EMO forces all tokens in a document to pick their active experts from a shared pool. The model decides which experts belong in that pool by averaging its router preferences across all tokens in a document and keeping the most frequently selected ones.

Two adjustments were needed to keep training stable. First, the authors stopped calculating load balancing, which aims to spread work evenly across experts, locally per training batch. Instead, they compute it globally across many documents. Otherwise, the two training goals would fight each other: one bundles tokens within a document, and the other spreads them across as many experts as possible.
Second, the researchers randomly vary the size of the document pool during training instead of fixing it. This teaches the model to work with expert subgroups of different sizes at inference time.
A quarter of the experts, one percent performance loss
The team trained a MoE with 1 billion active and 14 billion total parameters with 128 experts, eight active per token, on 1 trillion tokens from the OLMoE pre-training corpus. As a full model, EMO matches an identically trained standard MoE. The authors say it beats OLMoE despite using five times more data.
The researchers then started removing experts to see how far they could go. With just 25 percent of them left (32 out of 128), EMO loses about one percentage point of absolute performance averaged across several benchmarks.
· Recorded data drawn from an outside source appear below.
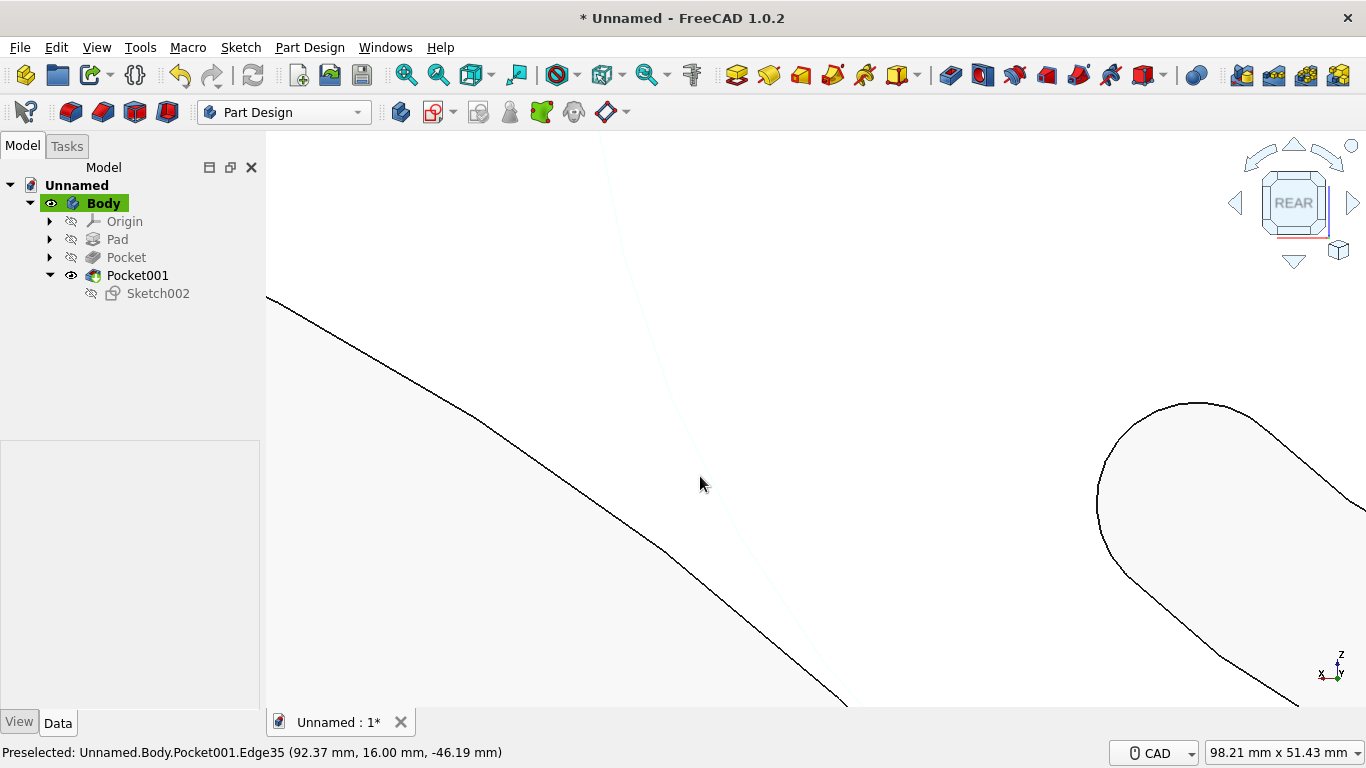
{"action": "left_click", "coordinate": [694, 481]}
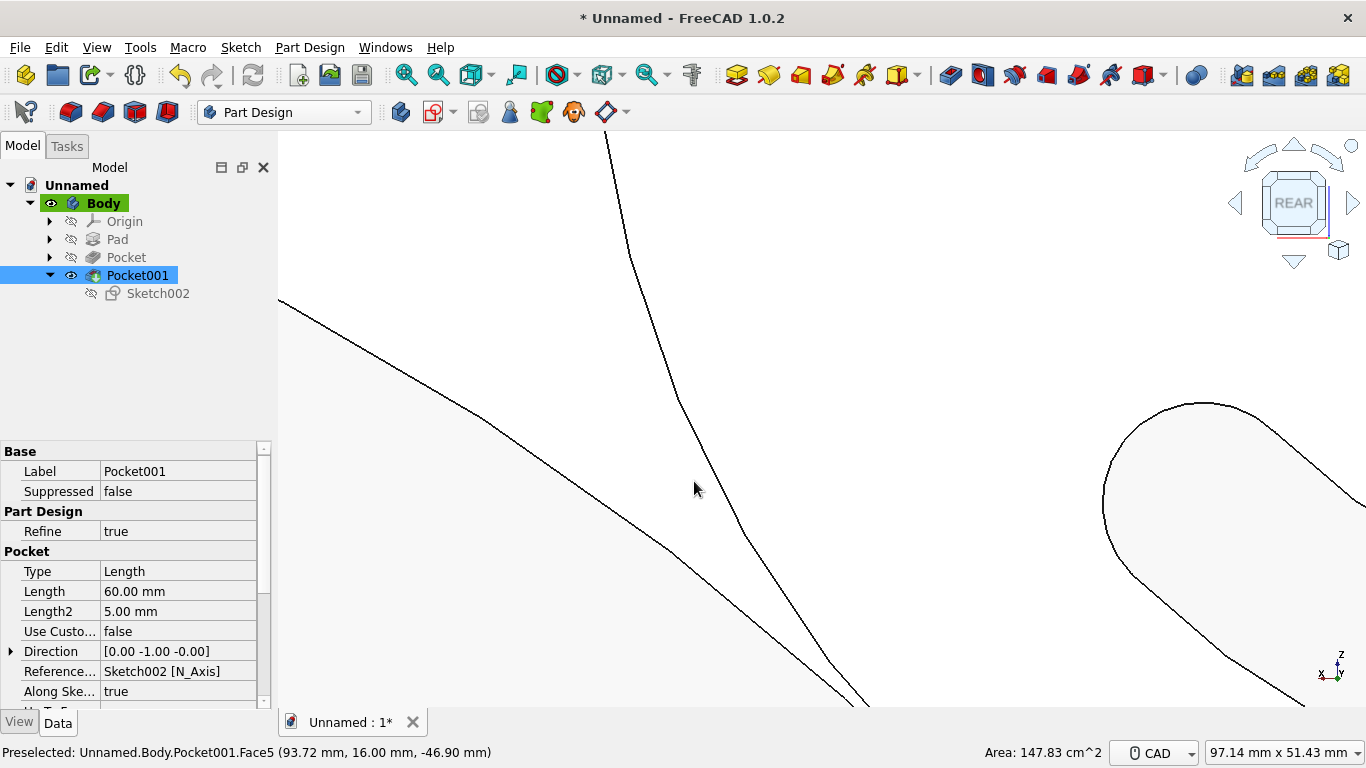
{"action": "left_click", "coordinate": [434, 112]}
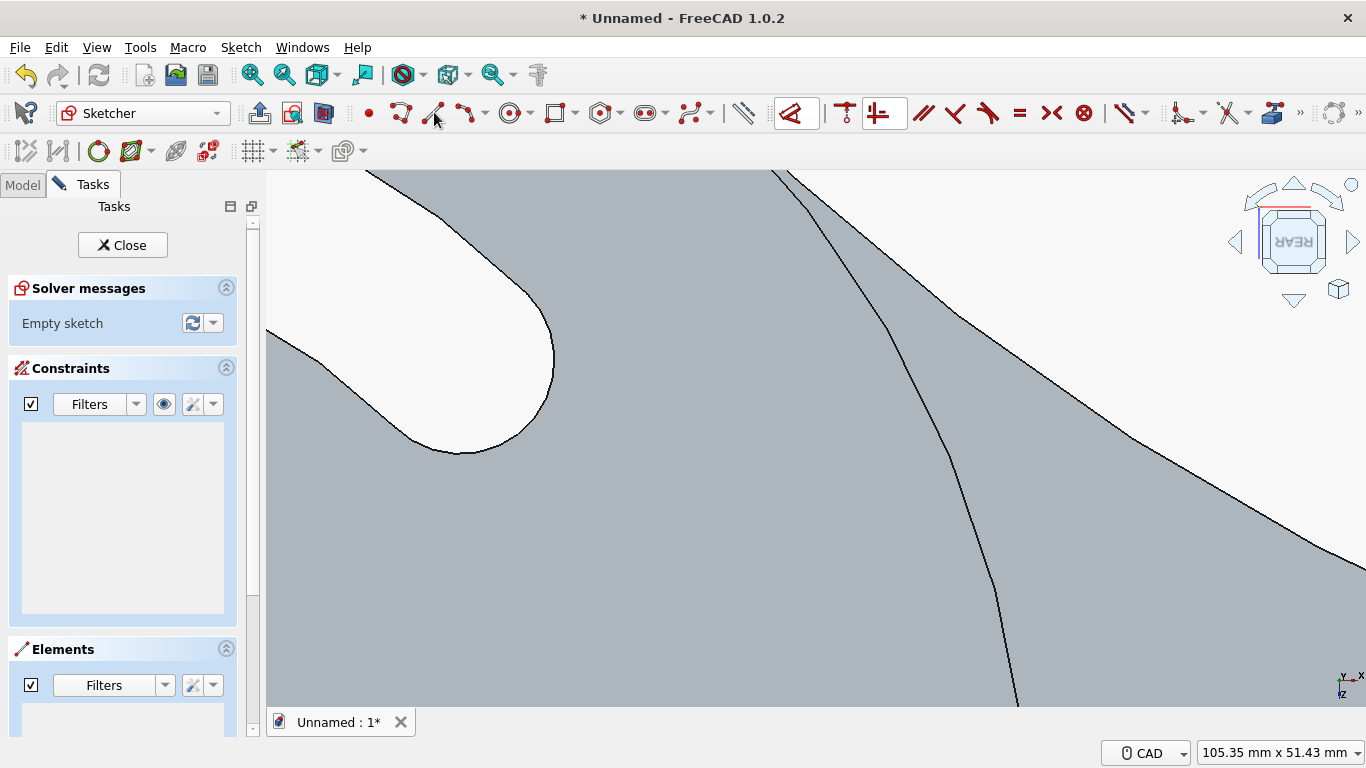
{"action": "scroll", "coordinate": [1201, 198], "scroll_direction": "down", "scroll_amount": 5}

At 12.5 percent (16 experts), the drop is around three points.
A standard MoE collapses in the same setup, losing 10 to 15 percentage points and, in some cases, falling below the level of a dense model with the same number of active parameters. On the math benchmark GSM8K, subsets with just 12.5 percent of the experts match full-model performance again after fine-tuning.


Finding the right experts doesn’t take much data, the authors say. A single few-shot example is enough to pick a subgroup that performs comparably to one selected on a full validation dataset. EMO works with both simple router-based selection and the more specialized Easy-EP method.
Experts learn topics, not punctuation
To understand what EMO actually learned, the researchers analyzed how the model distributes tokens to experts internally. For each token, they recorded the probability with which the router sends it to each expert. These patterns create a kind of fingerprint per token. They then grouped tokens with similar fingerprints into clusters.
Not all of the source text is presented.